- **YOUR INSTRUCTIONS**: Transcribe the listing below only from the line with "override fun toFahrenheit()" up to and including the line with "override fun toDelisle()".

- **DATA FOR REVIEW**:
——————

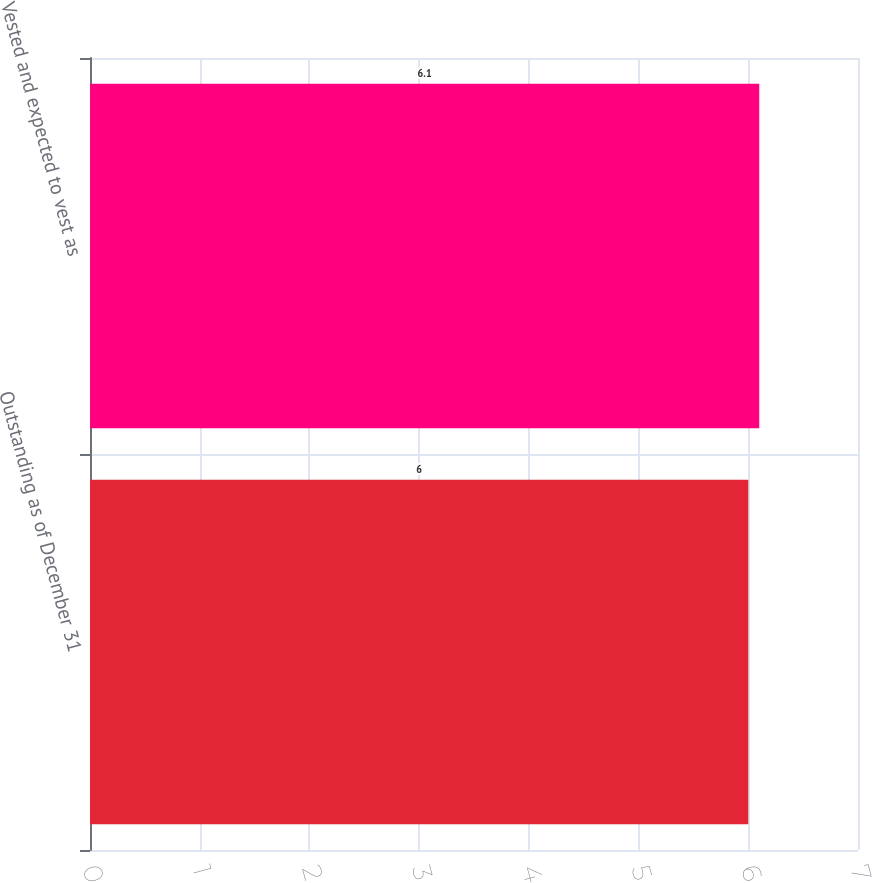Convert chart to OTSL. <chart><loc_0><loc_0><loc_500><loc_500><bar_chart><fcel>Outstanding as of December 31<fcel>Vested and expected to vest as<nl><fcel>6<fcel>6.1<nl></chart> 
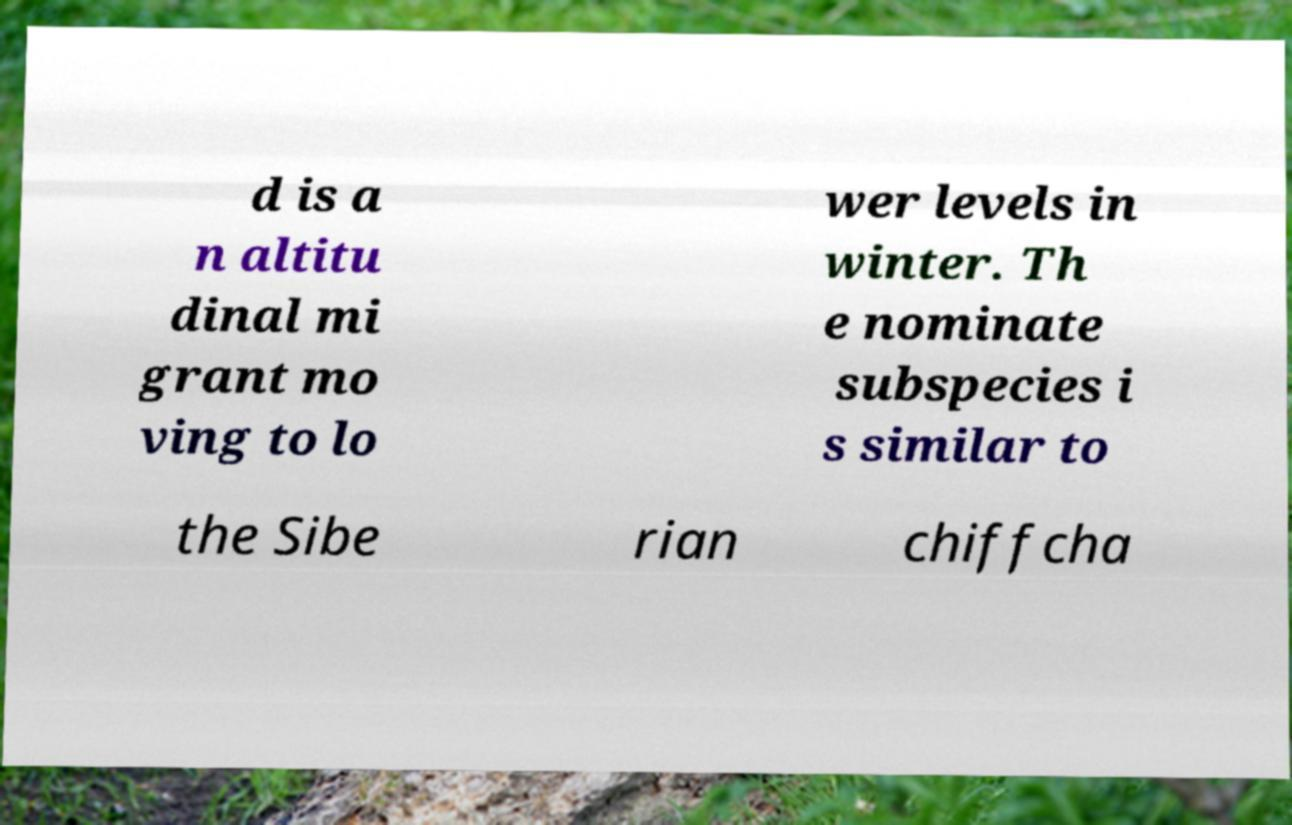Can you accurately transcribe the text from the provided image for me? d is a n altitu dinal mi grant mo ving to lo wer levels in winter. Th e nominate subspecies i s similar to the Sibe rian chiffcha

——————

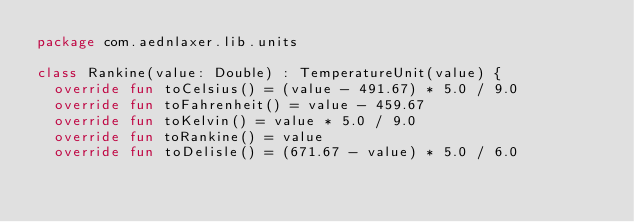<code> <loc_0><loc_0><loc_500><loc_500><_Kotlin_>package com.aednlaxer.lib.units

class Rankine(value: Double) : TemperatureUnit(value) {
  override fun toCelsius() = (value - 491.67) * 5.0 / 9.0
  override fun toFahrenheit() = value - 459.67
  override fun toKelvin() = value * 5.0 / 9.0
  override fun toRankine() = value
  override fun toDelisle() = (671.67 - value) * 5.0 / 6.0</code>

——————

- **RESULT**:
  override fun toFahrenheit() = value - 459.67
  override fun toKelvin() = value * 5.0 / 9.0
  override fun toRankine() = value
  override fun toDelisle() = (671.67 - value) * 5.0 / 6.0</code>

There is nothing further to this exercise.